As I write this we are in the small marina in Nazare. An easy place to dismiss and not want to stay based on the marina. Marina is very small, smallest we have been in and looks very tatty and neglected. It is right next to the fishing fleet but there is surprisingly little wash. The surrounding area looks scrubby and industrial. The marina itself, is as the guides say, extremely protected from the weather. We arrived in fog and from what we could see little made us want to stay longer than necessary. However, Alec and his friend Dodi came to chat to us not long after we arrived. Alec, English chap, has been here for many years and has applied to take over the pontoons. There are a number of boats here for the long term having arrived and loved it.
I’m not keen on the stray dogs that are about although they are “no problem” that is if you are not jogging, on a bike or another dog.

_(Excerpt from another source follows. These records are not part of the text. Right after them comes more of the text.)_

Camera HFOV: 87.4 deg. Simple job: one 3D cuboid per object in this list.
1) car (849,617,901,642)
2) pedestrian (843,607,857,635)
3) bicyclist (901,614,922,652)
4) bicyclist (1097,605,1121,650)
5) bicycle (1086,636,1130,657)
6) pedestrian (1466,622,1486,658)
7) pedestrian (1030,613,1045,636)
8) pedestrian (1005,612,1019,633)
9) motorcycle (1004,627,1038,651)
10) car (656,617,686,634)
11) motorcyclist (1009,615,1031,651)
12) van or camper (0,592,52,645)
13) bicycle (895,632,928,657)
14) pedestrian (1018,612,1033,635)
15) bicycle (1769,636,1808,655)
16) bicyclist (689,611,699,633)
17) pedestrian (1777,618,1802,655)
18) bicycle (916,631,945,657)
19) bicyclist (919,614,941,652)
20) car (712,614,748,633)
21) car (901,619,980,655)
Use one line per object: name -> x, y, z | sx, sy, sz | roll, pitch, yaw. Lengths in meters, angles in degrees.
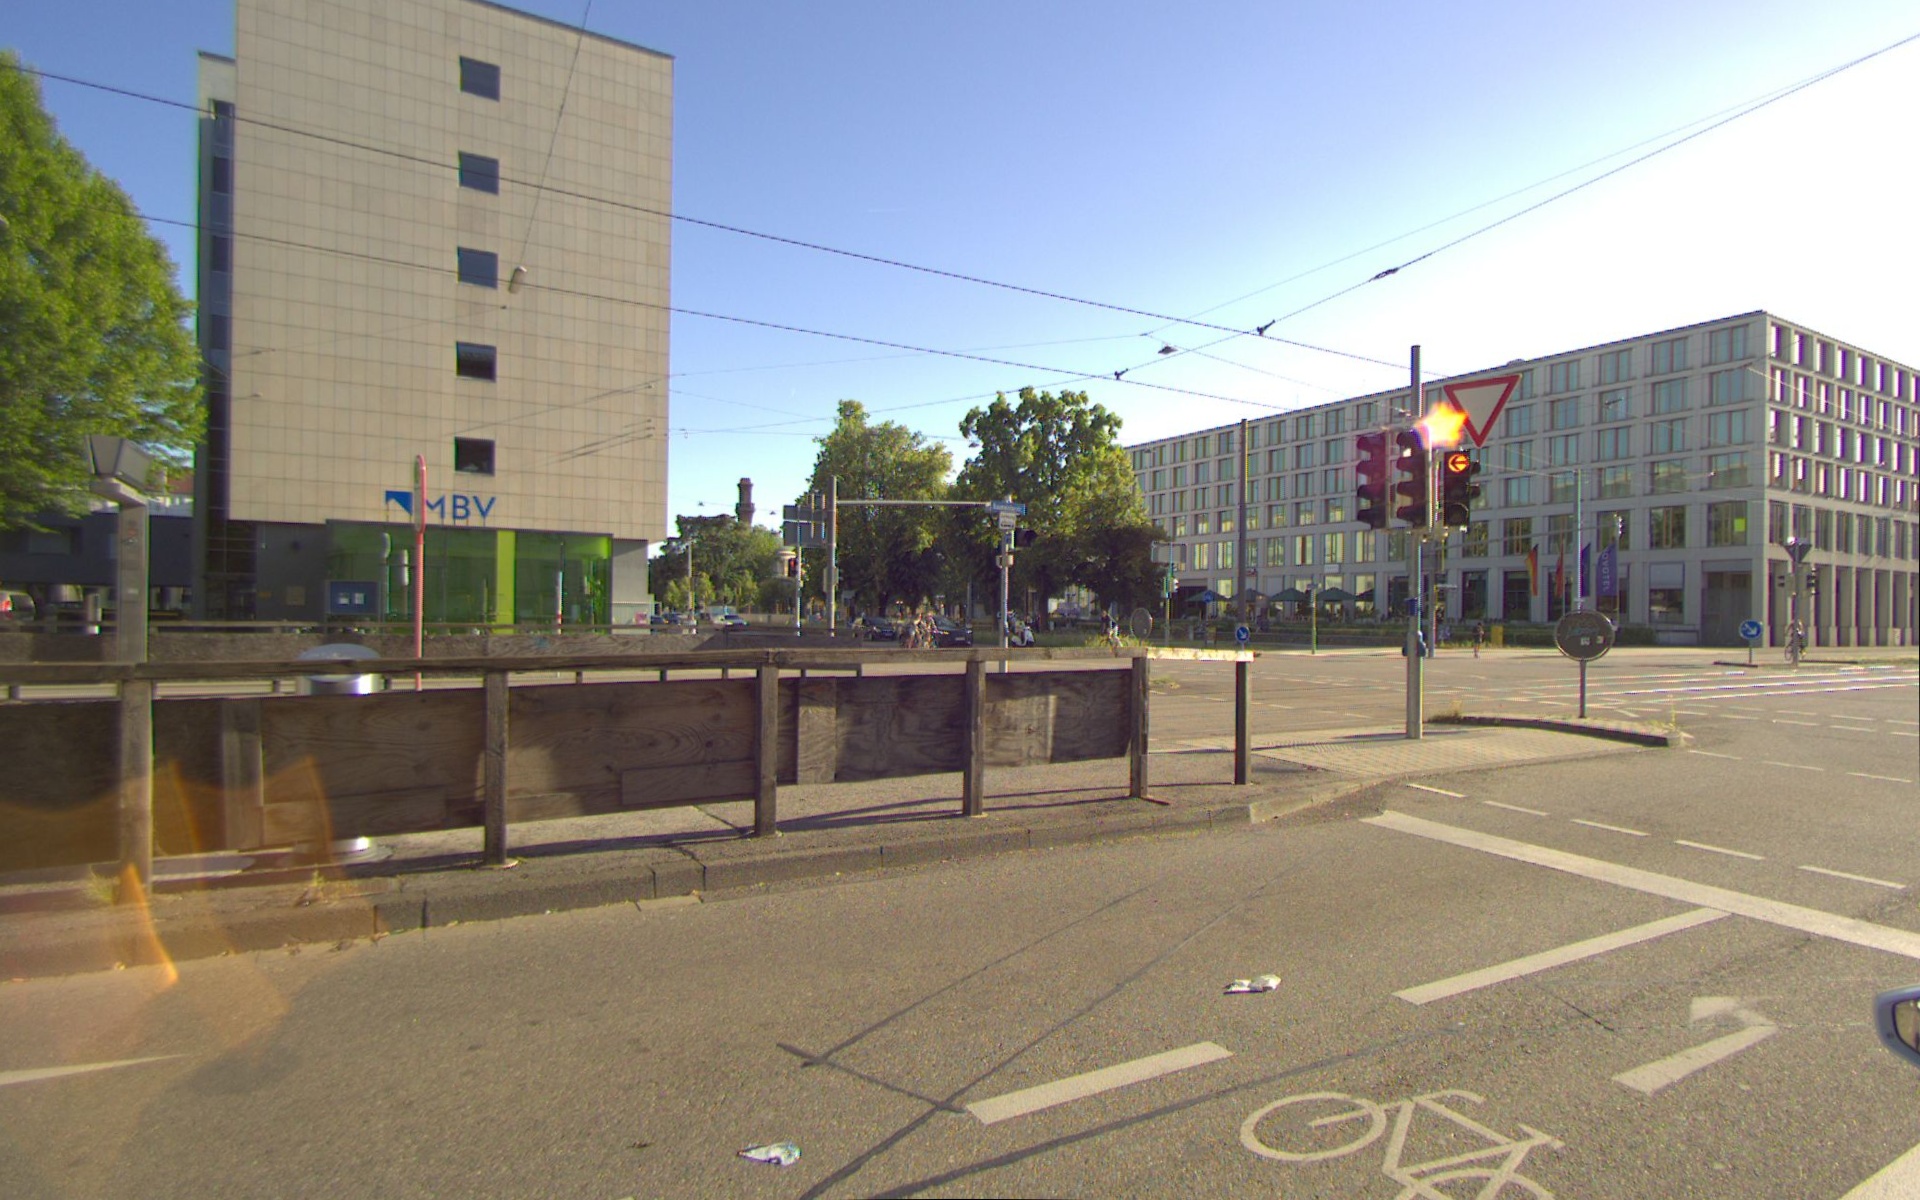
car -> -5.333, 1.804, 62.710 | 1.674, 1.506, 3.719 | 1, -1, -33
pedestrian -> -8.150, 1.557, 74.144 | 0.772, 2.040, 0.747 | 1, -1, -31
bicyclist -> -2.031, 1.367, 42.023 | 0.577, 1.563, 0.833 | 1, -2, -32
bicyclist -> 5.957, 1.100, 40.212 | 0.762, 1.784, 0.532 | 1, -1, -30
bicycle -> 5.936, 1.848, 40.188 | 1.831, 0.798, 0.532 | 1, -1, -30
pedestrian -> 25.092, 1.943, 48.846 | 0.597, 1.703, 0.602 | 1, -1, -22
pedestrian -> 6.134, 1.947, 79.421 | 0.858, 1.738, 0.737 | 2, 0, -26
pedestrian -> 4.338, 1.870, 83.573 | 0.858, 1.738, 0.737 | 2, 0, -26
motorcycle -> 2.849, 1.819, 46.962 | 0.624, 1.030, 1.972 | -3, 1, -28
car -> -28.305, 2.476, 98.291 | 1.975, 1.472, 4.179 | 2, 0, -28
motorcyclist -> 2.809, 1.538, 46.993 | 0.624, 1.601, 0.812 | -3, 1, -28
van or camper -> -27.887, 0.430, 27.574 | 3.954, 1.425, 1.954 | 4, -3, -30
bicycle -> -2.036, 1.845, 42.026 | 0.577, 1.032, 1.806 | 1, -3, -31
pedestrian -> 5.202, 1.878, 79.811 | 0.858, 1.738, 0.737 | 2, 0, -26
bicycle -> 36.220, 1.991, 43.897 | 1.693, 0.834, 0.571 | 1, -1, -22
bicyclist -> -20.933, 1.739, 79.032 | 0.576, 1.658, 0.890 | 1, -1, -27
pedestrian -> 36.262, 1.597, 43.919 | 0.734, 1.616, 0.571 | 1, -1, -22
bicycle -> -1.265, 1.840, 42.387 | 0.576, 1.032, 1.666 | 1, -1, -27
bicyclist -> -1.271, 1.380, 42.423 | 0.576, 1.563, 0.890 | 1, -1, -27
car -> -19.549, 1.958, 85.209 | 1.975, 1.472, 4.179 | 2, 0, -28
car -> -0.932, 1.654, 45.754 | 1.925, 1.561, 3.969 | 2, -2, -29

We walked into Nazare town on Monday which is a fair walk from the marina. We walked along the seafront and it has a huge long beach and lots of tourist tat shops and cafes, bars and restaurants along the sea front as you would expect in any tourist resort. It wasn’t like “Blackpool on steroids” which is one persons opinion, certainly not in the day. I love to see people of all ages taking to the beach with their chairs, wind breaks and picnics. We see a lot of quite elderly ladies on their own just sticking a chair on the beach and sitting with their skirt up on their knees or paddling in the waters edge. In Nazare you can only swim with a green flag, paddle with an orange flag or stay clear of the water completely with a red flag. Today was a green flag day. There are loads of old ladies out to try and get people to rent rooms. It is obviously a managed business of sorts as they were all wearing what looked like an identification/license badge. It was like running the gauntlet of restaurant fluffers (you know those people who are stopping you to try to get you to eat at their place). Old lady fluffers – haha.
We walked to the cliff at the other end of the town and took the funicular train up the cliff to the village, Sitio, at the top. The view down and across Nazare is phenomenal. We had a bit of a mooch and a walk to the lighthouse. Nazare is the holder of the largest wave ever surfed and most photos of this are from the lighthouse on the top. Bizarely even while there are massive waves, the harbour itself is still accessible due to a deep ravine that runs directly to it. Not that I’d want to try it. Alec and Dodi said that while they were watching the surfers, a small yacht came out of the harbour and ended up riding up one of the massive waves, once he’d cleared the entrance. He changed his mind and went back in!
We had lunch in the square and listened to some local music while supping a glass of the local vino. It was a beautifully sunny clear day unlike the day before. We took the funicular back down and ambled back to the marina. We didn’t find a supermarket so dinner was distinctly crap to be honest. My supplies are running down and I could do with a large supermercardo to restock.
Today, I think it’s Tuesday, we walked back into town as I had been told there was a reasonable supermarket. It was definitely a red flag day on the beach. Due to the sharp drop of the beach to the sea, we couldn’t see the water line from the footpath but we could see the waves crashing and the spray. Loads of people on the beach still though despite the wind. The beach was packed at the bottom of the cliff to Sitio as it shelters it from the north wind.
The supermercardo was so not super. I got the feeling it was closing down as many of the shelves were empty and not well stocked and one freezer completely empty. They had no fresh meat of any sort, no butter, no salad veg. Really disappointing. We looked around for another shop or butcher but couldn’t find one. I did find a fruit/veg shop so got my salad stuff. There was a market but only any use if you wanted handbags, sunglasses, t-shirts and strangely a few stalls were selling coloured kitchen knife sets!
We hope to move on tomorrow, if the wind and swell has settled, to a little bay about 9 miles south. It is a sheltered shallow cove, described like Lulworth Cove in Dorset, and we hope to stay a good few days and have a holiday.
I’m glad we stayed long enough to have a bit of an explore but I must admit not somewhere I want to stay longer or long term. I can’t quite see the appeal that the others see.